* WHAT NEEDS TO BE DONE
Going line by line through the entries below, count those that contain "using". Give the number by itself.

* EXTRACTED INFORMATION
=== Section Start ===

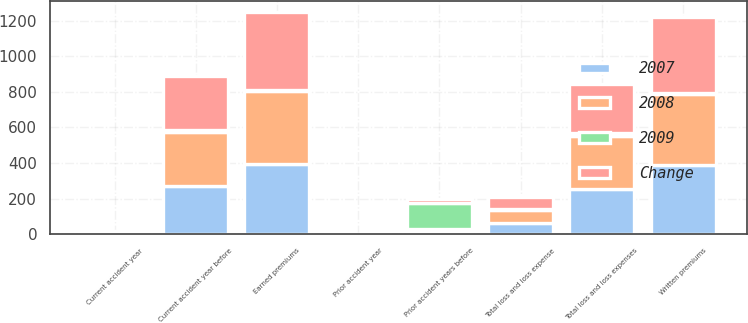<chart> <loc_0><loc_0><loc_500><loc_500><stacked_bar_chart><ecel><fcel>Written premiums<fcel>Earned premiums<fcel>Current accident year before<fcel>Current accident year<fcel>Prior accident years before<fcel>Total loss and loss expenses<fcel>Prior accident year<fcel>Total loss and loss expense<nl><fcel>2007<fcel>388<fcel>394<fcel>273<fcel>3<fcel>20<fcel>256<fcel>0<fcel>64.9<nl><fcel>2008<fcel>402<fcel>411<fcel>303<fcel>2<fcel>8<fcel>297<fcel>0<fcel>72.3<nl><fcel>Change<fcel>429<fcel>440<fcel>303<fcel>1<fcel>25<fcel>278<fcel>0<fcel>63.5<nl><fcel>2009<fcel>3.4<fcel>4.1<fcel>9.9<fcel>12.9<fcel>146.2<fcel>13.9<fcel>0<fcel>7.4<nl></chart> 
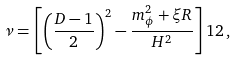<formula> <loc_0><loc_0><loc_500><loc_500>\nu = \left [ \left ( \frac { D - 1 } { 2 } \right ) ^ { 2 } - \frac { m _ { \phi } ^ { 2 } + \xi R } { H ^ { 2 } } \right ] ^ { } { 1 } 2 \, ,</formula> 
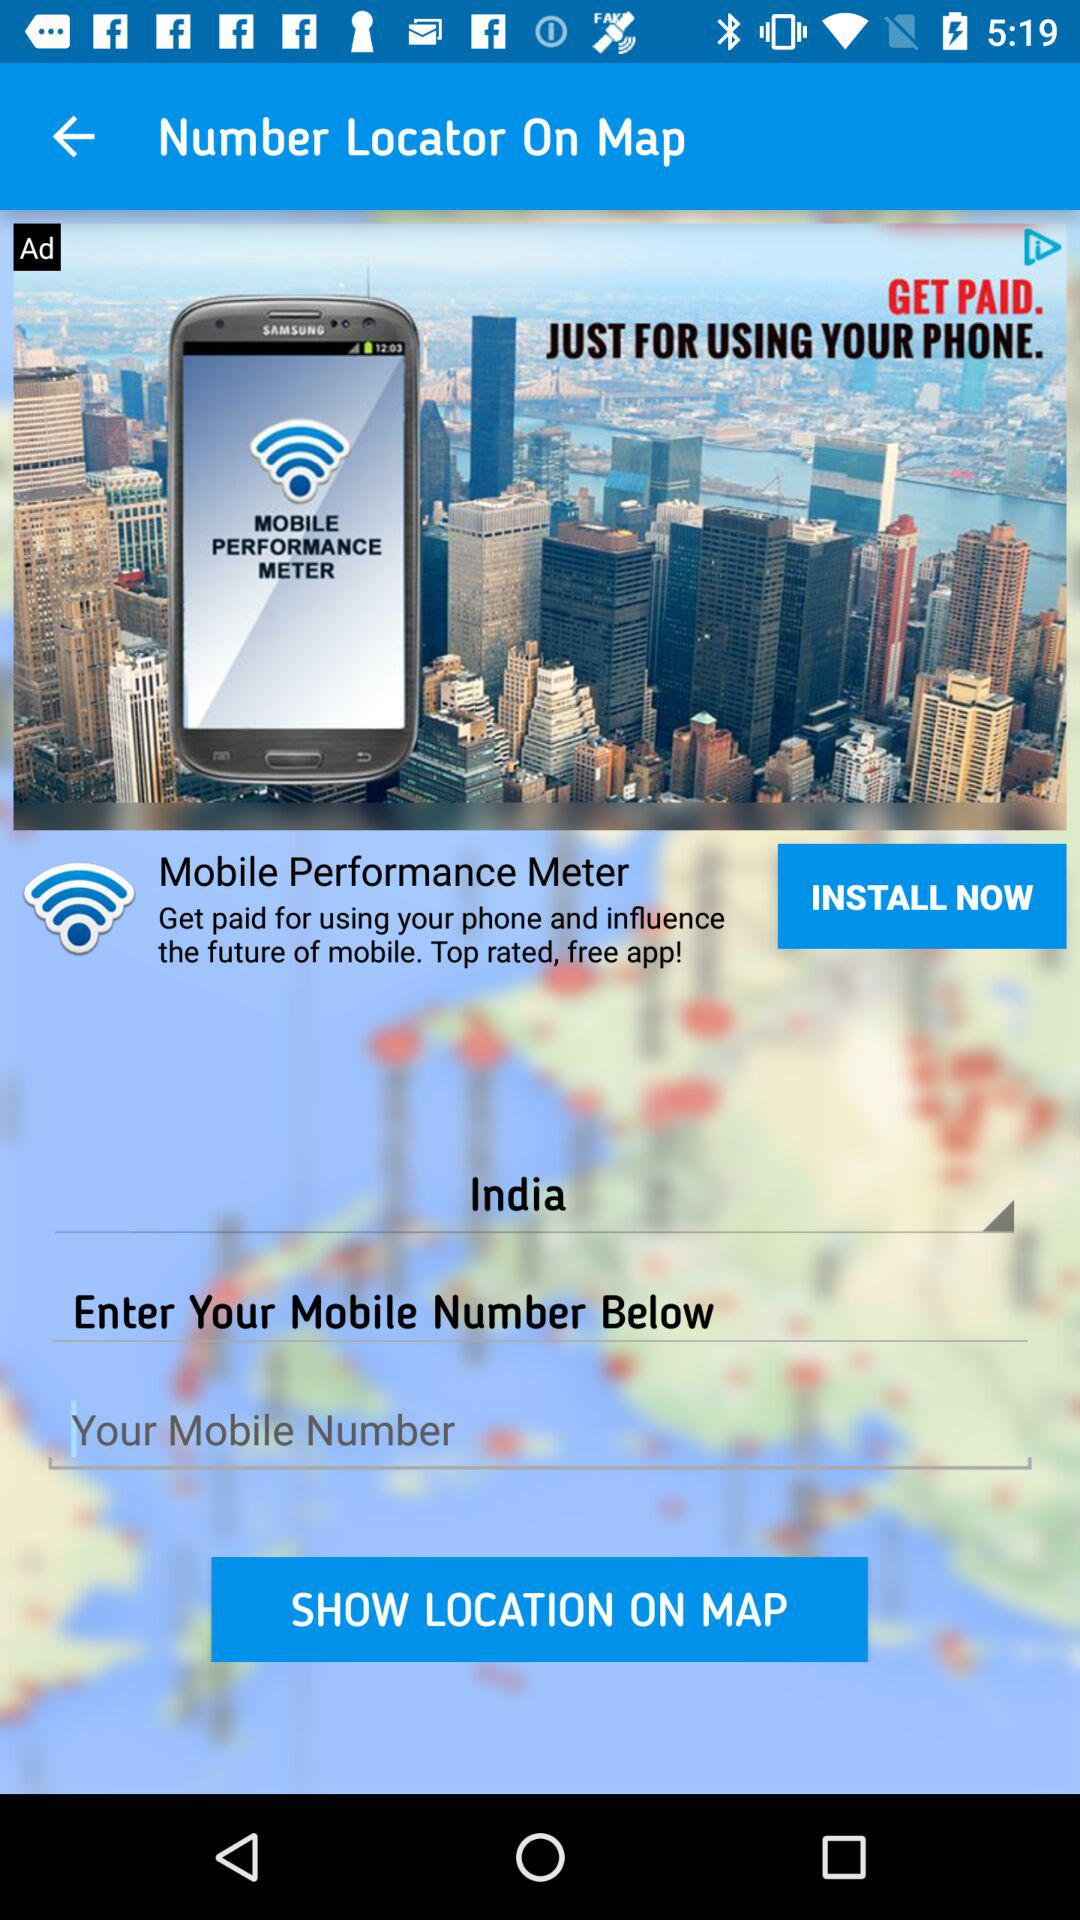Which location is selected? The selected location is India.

=== Section End ===
=== Section Start ===

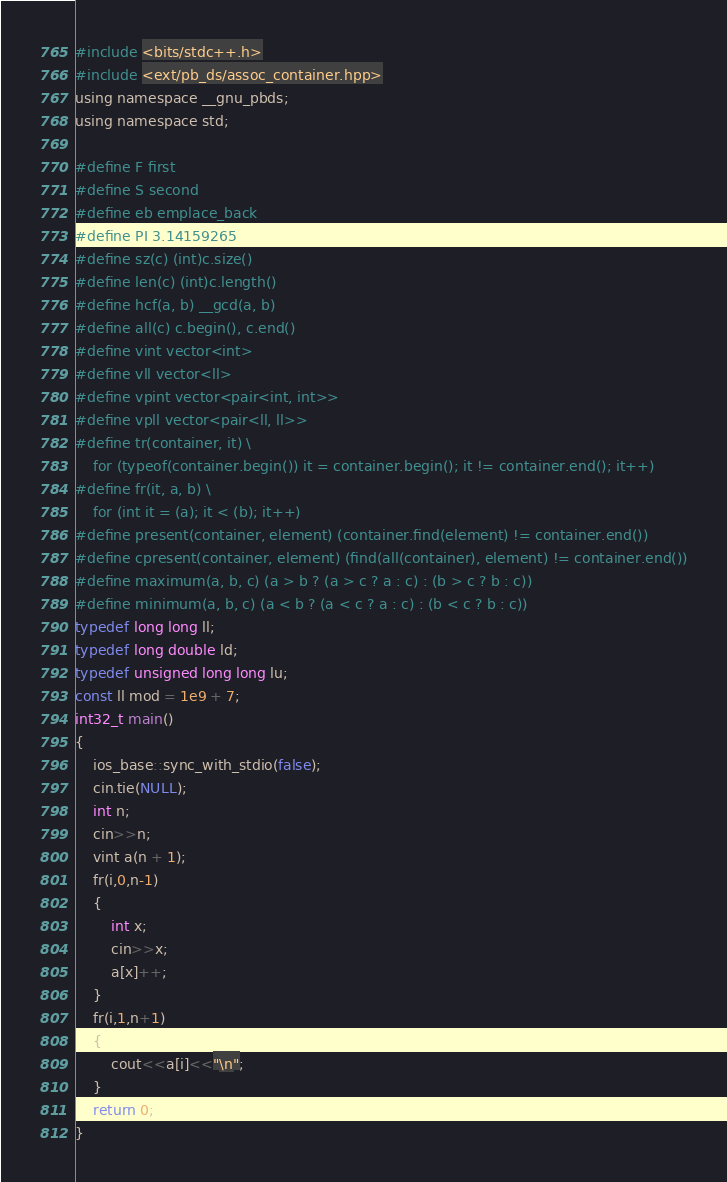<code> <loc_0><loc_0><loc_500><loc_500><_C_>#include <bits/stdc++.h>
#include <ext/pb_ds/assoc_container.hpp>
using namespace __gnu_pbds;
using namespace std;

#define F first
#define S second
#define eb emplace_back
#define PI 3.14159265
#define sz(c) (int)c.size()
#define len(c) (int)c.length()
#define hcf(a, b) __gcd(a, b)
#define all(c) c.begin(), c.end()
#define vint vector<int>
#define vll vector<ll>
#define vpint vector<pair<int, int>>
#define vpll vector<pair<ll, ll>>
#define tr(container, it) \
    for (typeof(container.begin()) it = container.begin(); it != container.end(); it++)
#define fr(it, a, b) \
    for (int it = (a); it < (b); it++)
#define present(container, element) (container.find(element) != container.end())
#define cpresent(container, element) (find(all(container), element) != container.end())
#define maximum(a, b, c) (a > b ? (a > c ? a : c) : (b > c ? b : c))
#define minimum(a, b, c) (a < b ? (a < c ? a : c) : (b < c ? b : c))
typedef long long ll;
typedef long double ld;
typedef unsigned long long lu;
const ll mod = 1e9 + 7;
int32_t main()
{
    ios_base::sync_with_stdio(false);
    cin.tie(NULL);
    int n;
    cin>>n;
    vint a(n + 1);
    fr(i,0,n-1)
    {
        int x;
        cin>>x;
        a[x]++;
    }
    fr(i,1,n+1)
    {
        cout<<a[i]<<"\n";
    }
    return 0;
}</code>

=== Section End ===

* RESPONSE TO THIS EXERCISE
2